• ENTRIES PROVIDED
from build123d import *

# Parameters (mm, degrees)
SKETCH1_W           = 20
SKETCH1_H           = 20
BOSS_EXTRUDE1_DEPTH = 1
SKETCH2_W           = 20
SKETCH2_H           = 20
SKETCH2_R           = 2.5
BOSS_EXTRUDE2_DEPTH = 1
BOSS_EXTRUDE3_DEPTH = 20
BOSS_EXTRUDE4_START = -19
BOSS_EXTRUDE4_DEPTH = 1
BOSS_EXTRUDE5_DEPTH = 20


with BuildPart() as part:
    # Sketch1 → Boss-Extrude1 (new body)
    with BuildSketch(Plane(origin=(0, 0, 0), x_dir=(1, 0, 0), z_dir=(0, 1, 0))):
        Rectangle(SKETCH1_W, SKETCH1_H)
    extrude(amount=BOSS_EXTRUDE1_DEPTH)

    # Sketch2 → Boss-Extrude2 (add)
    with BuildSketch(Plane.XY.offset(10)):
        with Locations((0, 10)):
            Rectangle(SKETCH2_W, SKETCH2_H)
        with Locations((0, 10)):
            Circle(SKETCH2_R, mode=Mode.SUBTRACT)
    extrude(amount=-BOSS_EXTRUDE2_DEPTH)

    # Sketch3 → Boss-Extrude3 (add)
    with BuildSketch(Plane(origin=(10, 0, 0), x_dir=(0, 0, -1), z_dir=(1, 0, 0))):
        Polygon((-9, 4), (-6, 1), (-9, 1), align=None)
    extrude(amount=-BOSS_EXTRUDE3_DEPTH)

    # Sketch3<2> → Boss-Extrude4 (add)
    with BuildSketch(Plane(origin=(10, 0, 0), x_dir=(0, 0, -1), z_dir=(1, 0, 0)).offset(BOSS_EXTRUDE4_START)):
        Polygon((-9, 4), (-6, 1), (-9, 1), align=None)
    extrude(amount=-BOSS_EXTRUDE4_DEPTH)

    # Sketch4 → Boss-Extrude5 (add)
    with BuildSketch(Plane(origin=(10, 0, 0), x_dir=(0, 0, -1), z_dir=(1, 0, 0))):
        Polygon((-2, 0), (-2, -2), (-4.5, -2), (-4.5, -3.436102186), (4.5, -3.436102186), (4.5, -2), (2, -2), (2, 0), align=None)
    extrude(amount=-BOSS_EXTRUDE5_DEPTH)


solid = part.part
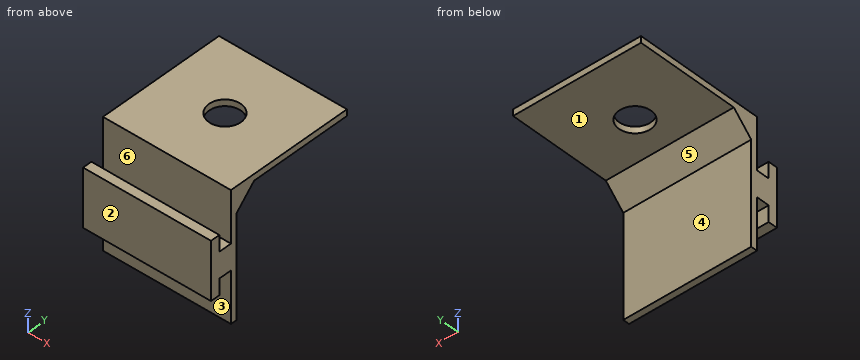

• REQUIRED ACTION
Everything from the line with "# Parameters (mm, degrees)" through the line with "extrude(amount=BOSS_EXTRUDE1_DEPTH)" should be written out exactly as it appears above, end lines included, and nothing outside that range.

• WRITTEN SOLUTION
# Parameters (mm, degrees)
SKETCH1_W           = 20
SKETCH1_H           = 20
BOSS_EXTRUDE1_DEPTH = 1
SKETCH2_W           = 20
SKETCH2_H           = 20
SKETCH2_R           = 2.5
BOSS_EXTRUDE2_DEPTH = 1
BOSS_EXTRUDE3_DEPTH = 20
BOSS_EXTRUDE4_START = -19
BOSS_EXTRUDE4_DEPTH = 1
BOSS_EXTRUDE5_DEPTH = 20


with BuildPart() as part:
    # Sketch1 → Boss-Extrude1 (new body)
    with BuildSketch(Plane(origin=(0, 0, 0), x_dir=(1, 0, 0), z_dir=(0, 1, 0))):
        Rectangle(SKETCH1_W, SKETCH1_H)
    extrude(amount=BOSS_EXTRUDE1_DEPTH)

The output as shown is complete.